The present invention provides a vertical cavity surface emitting photonic crystal surface wave laser and its design method, the design method includes following steps: step 1: choosing a luminescent material, determining the material refractive index, selecting structure model of the photonic crystal, determining the structure parameter; step 2. calculating the dispersion relation of the structure by the super cell technology and the plane wave expansion method, obtaining a surface model; step 3. planning a surface wave micro-cavity body, the surface layer of the cavity body has periodic undulation. The invention properly changes the surface layer structure of the photonic crystal, the surface layer or the adjacent layer of the surface layer has periodic undulation, so as to improve the emitting direction of the surface wave laser, changing to a vertical cavity surface emission from the original end emission, and the constant phase surface of the emission is very flat. The design of the invention has simple thinking, better integrity, widely applying range, designing the surface wave laser of different wave bands according to the luminescent characteristic of the different materials, especially designing light source device of the light communication wave band using semiconductor material having important value.

Description

A kind of vertical cavity side transmission photon crystal surface wave laser and method for designing thereof
Technical field
The invention provides a kind of vertical cavity side transmission photon crystal surface wave laser and method for designing thereof, belong to technical fields such as photoelectron, optical communication.
Background technology
Photonic crystal is the dielectric material that refractive index changes in space periodicity, and it can control the dissemination of photon effectively.From E.Yablonovitch and S.John proposed this notion before 20 years since, people just gave extensive concern to the application of photonic crystal.Particularly in the optical communication technique field, photon crystal devices such as photonic crystal fiber, micro-resonant cavity laser, filter, integrated optical circuit have wide application prospect.Improving constantly of semi-conducting material Micrometer-Nanometer Processing Technology promoted two dimension even three-D photon crystal device application paces in practice widely.Photon crystal laser is a light source device important in the optical communication, people have designed a lot of dissimilar photon crystal lasers at present, mainly comprise vertical cavity surface type laser (VCSEL), point defect type laser, linear defect wave-guide type laser, ring laser, surface wave micro-cavity laser etc.

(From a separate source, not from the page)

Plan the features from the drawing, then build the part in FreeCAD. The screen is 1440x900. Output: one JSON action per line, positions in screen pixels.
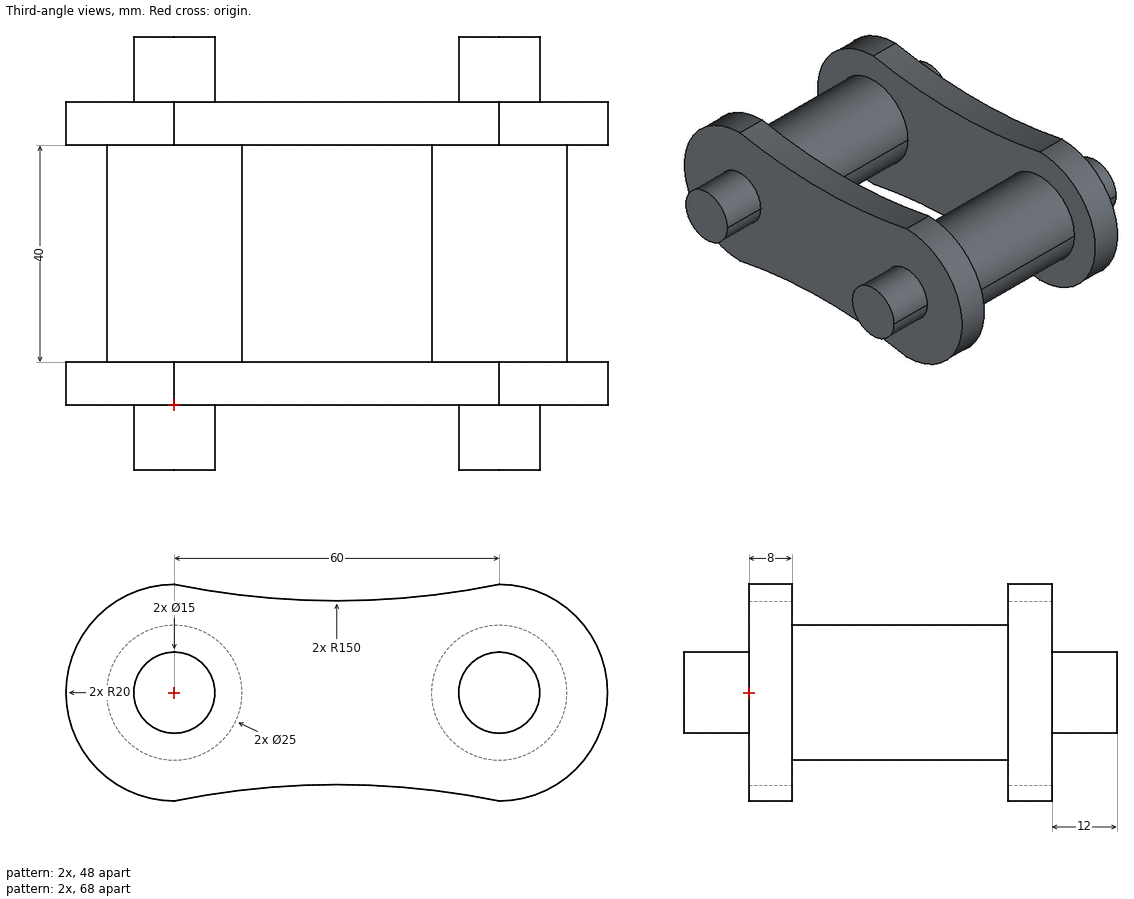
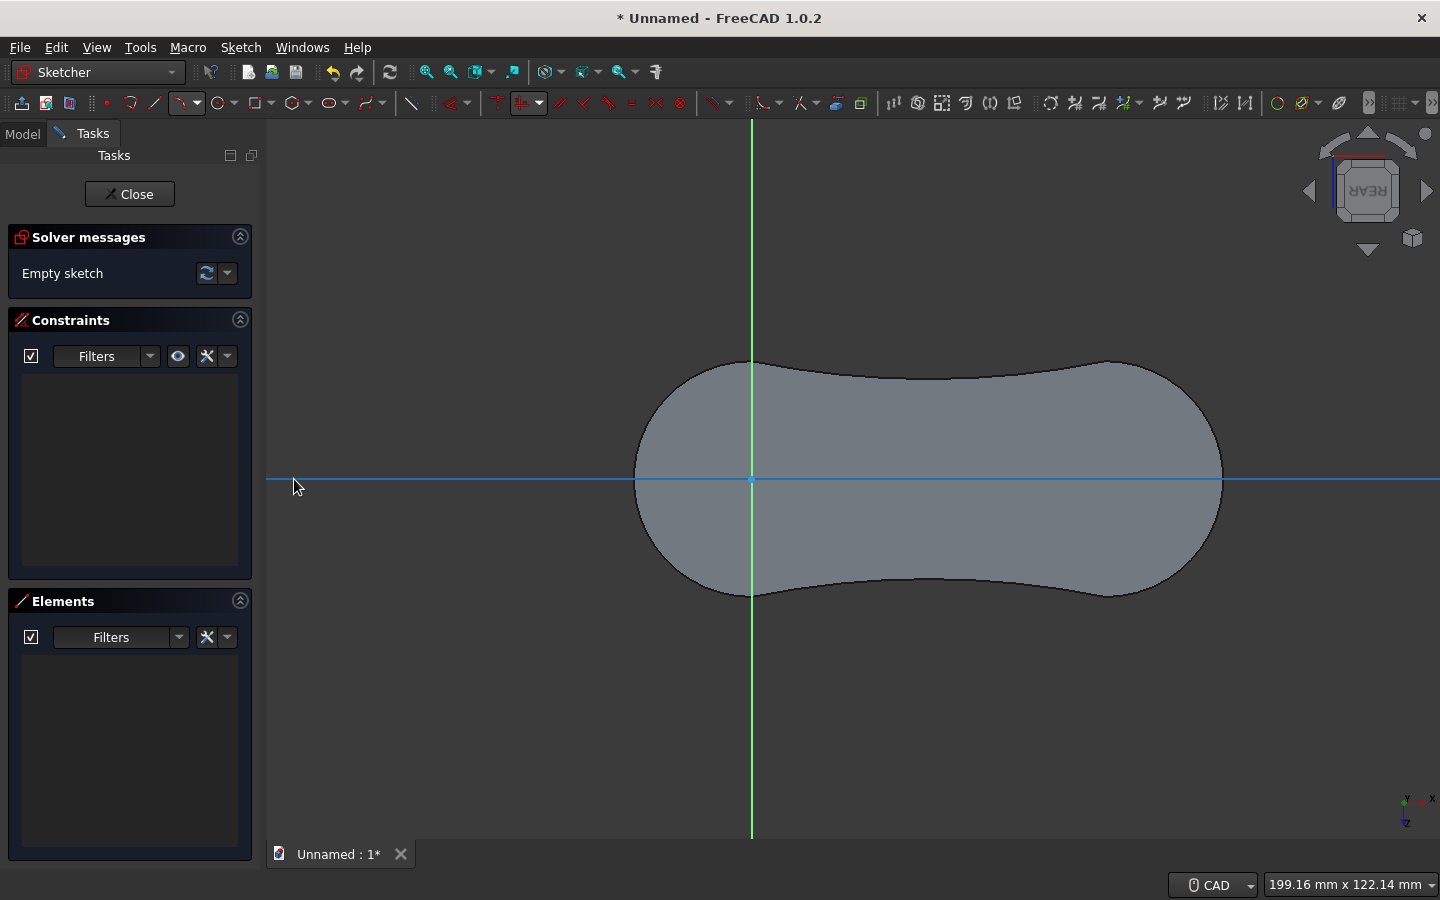
{"action": "scroll", "coordinate": [1221, 479], "scroll_direction": "up", "scroll_amount": 2}

The surface wave micro-cavity laser is a kind of novel laser, on the photonic crystal that blocks (semo-infinite is big) surface, i.e. and the interface place of photonic crystal and air, therefore the mode of electromagnetic wave that existence can only be propagated along photon crystal surface be called the photon crystal surface ripple.It is because the band gap effect of photonic crystal and the total internal reflection double factor of photonic crystal and air interface cause.This photon crystal surface structure with surface modes can be used for design surface ripple micro-cavity laser, and its feature is that this microcavity is to begin to speak on the one hand, and it has very high quality factor (Q) equally on the other hand.

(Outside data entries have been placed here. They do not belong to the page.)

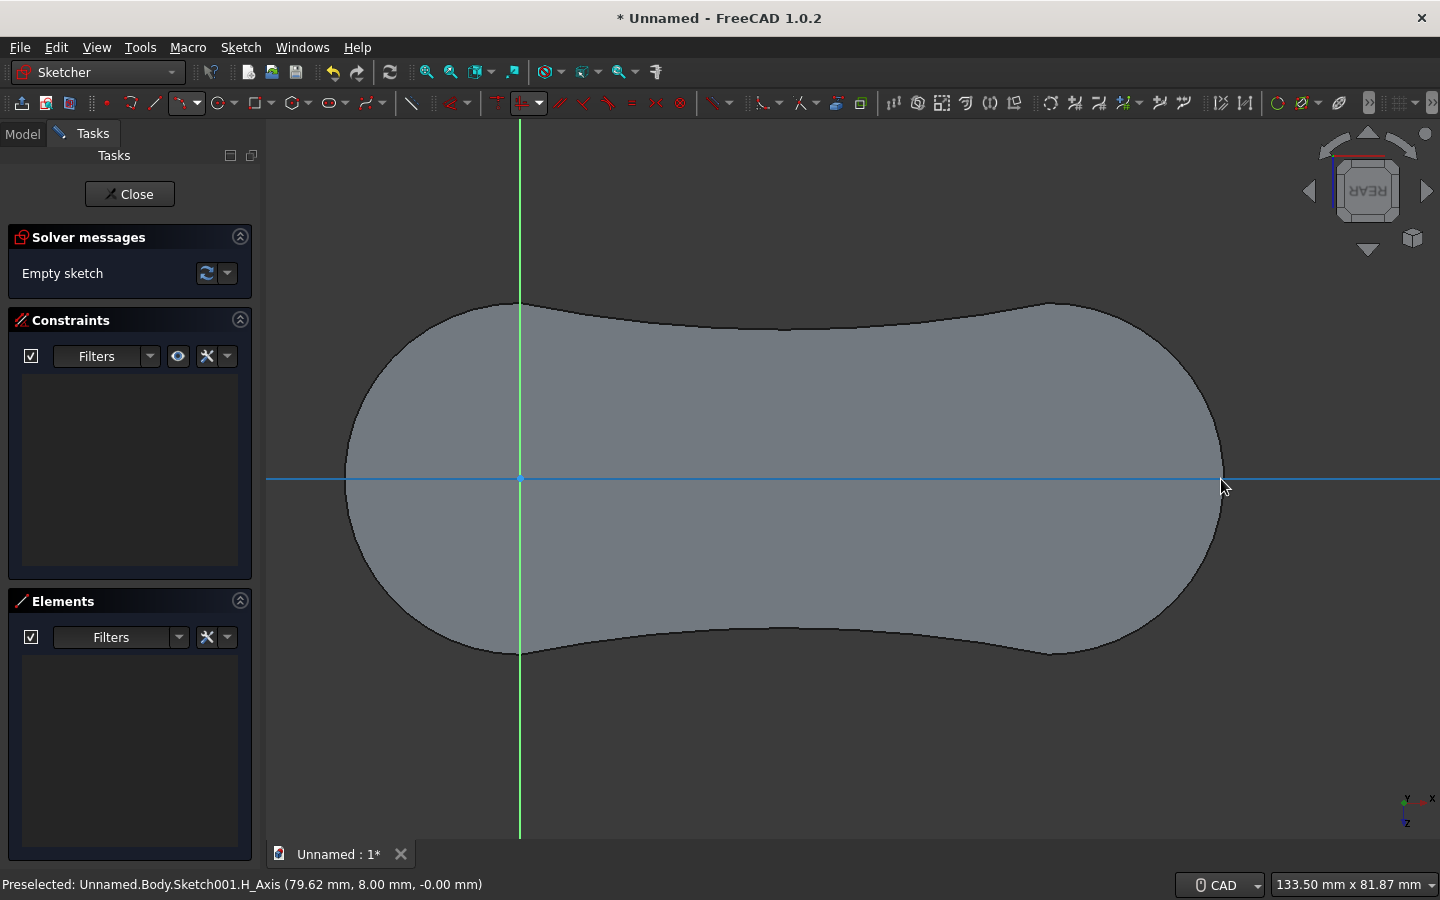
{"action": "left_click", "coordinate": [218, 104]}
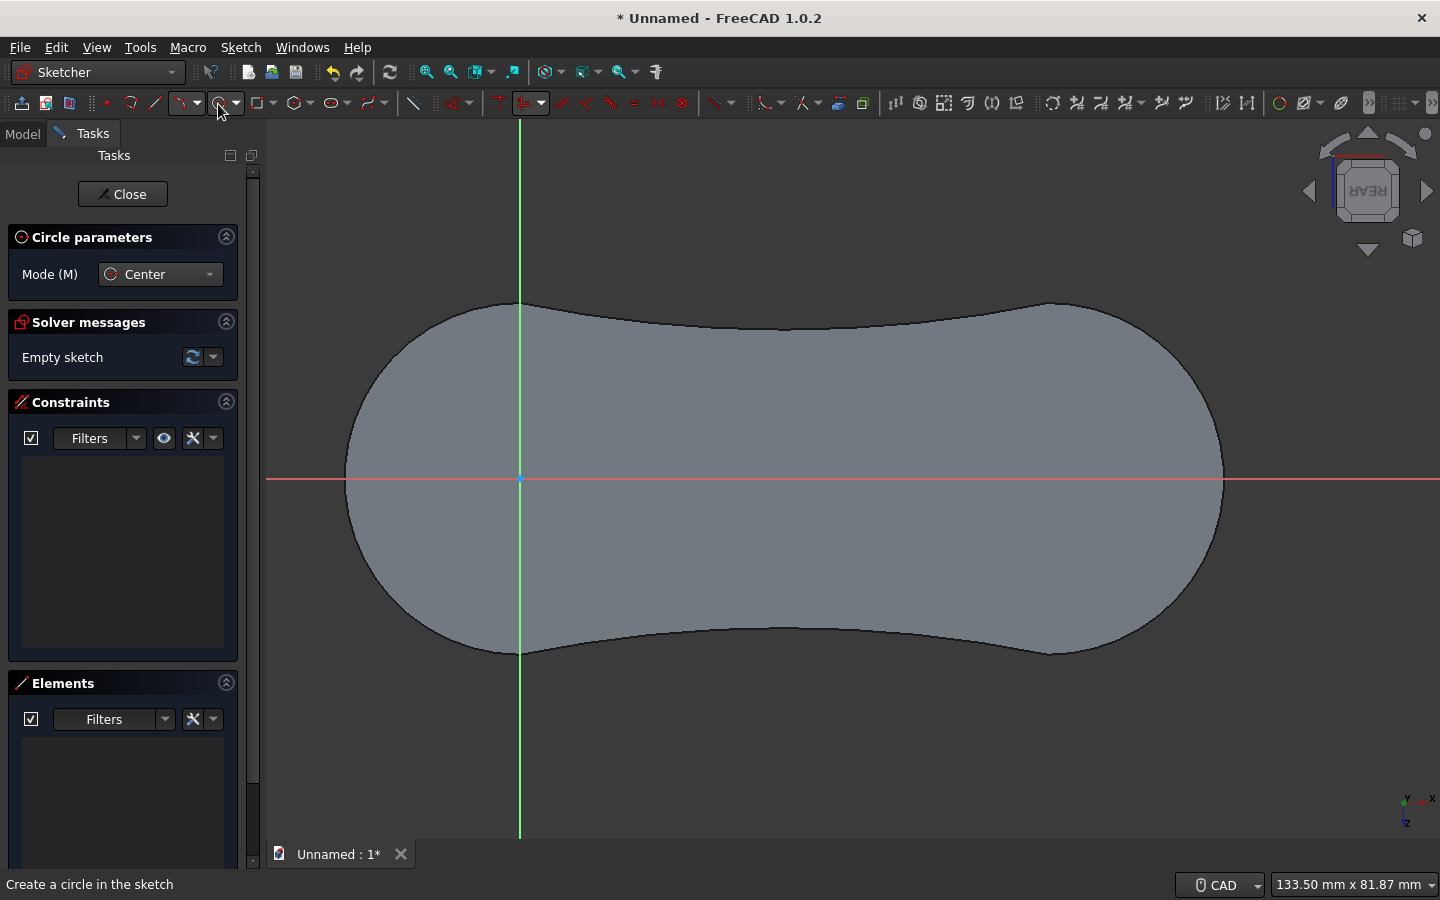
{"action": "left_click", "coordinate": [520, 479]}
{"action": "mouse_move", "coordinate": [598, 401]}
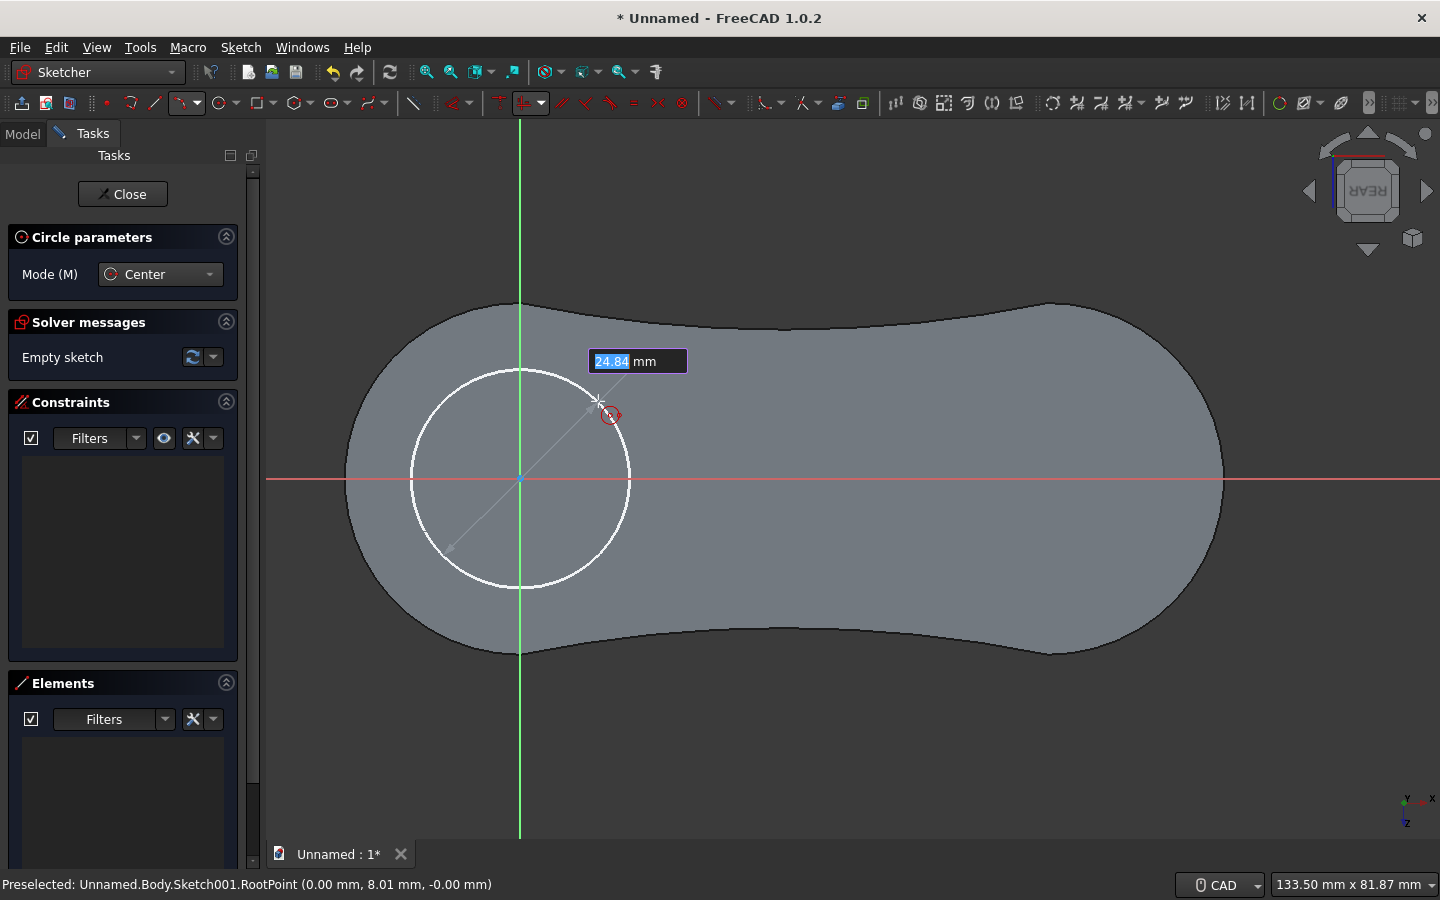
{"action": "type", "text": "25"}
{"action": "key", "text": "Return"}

Existing document discloses a kind of photonic crystal thin plate limit mode laser, also is the photon crystal surface wave laser.It utilizes the photonic crystal thin plate to block surface wave on the section as the mode of operation of laser, and the part that two ends are not blocked is used as terminal reflector.Neighbour's layer of the superficial layer of this micro-cavity structure or superficial layer is not periodic to rise and fall, and promptly neighbour's layer of superficial layer or superficial layer is not modulated, and laser is Es-region propagations surfacewise only still, and from the two ends outgoing.
Existing document also discloses a kind of 2 D photon crystal sheet-type surface wave microcavity, belong to a kind of photon crystal surface wave laser with above-mentioned photonic crystal thin plate limit mode laser, this laser focuses on some character that change microcavity, such as chamber modulus and the long relation of quality factor and chamber, do not change neighbour's layer structure of the structure in chamber, particularly superficial layer or superficial layer.
Existing disclosed photon crystal surface wave laser all is end emission type lasers, and institute's emitted laser is Es-region propagations surfacewise only all, and from the two ends outgoing, not vertical cavity surface emitted laser device.
The surface wave laser of prior art all belongs to the end emission type, because diffraction, outgoing laser beam has the bigger angle of divergence, so directivity is poor, and the equiphase surface unevenness.
Summary of the invention
Technical problem to be solved by this invention provides a kind of vertical cavity side transmission photon crystal surface wave laser and method for designing thereof, but this laser vertical cavity surface emission, and have good unimodality, the wave surface of emergent light is very smooth.
In order to solve the problems of the technologies described above, the present invention has adopted following technological means:
A kind of method for designing of vertical cavity side transmission photon crystal surface wave laser at first is provided, comprises the steps:
Step 1, selected luminescent material are determined the material refractive index, select the photon crystal structure type, determine structural parameters;
Step 2, utilize super primitive unit cell technology and plane wave expansion method to calculate the dispersion relation of this structure, obtain surface modes, calculate lattice period that should surface modes;
Step 3, design surface ripple microcavity cavity, make the superficial layer of this cavity or the nearest adjacent bed of superficial layer have periodic undulation, described design surface ripple microcavity cavity may further comprise the steps: step 31, excavate a part downwards from the centre in a side of selected photonic crystal, the part that two ends stay is as completely reflecting mirror;
The surface layer structure of negative area makes this superficial layer have surface modes in the middle of step 32, the change;
Step 33, the superficial layer of centre part or the nearest adjacent bed of superficial layer are carried out periodic modulation, be the lattice period of twice modulation period, makes the nearest adjacent bed of this superficial layer or superficial layer have periodic undulation.
Further, also comprise:
Step 4, utilize the sharp process of penetrating of this laser of finite time-domain difference method numerical simulation.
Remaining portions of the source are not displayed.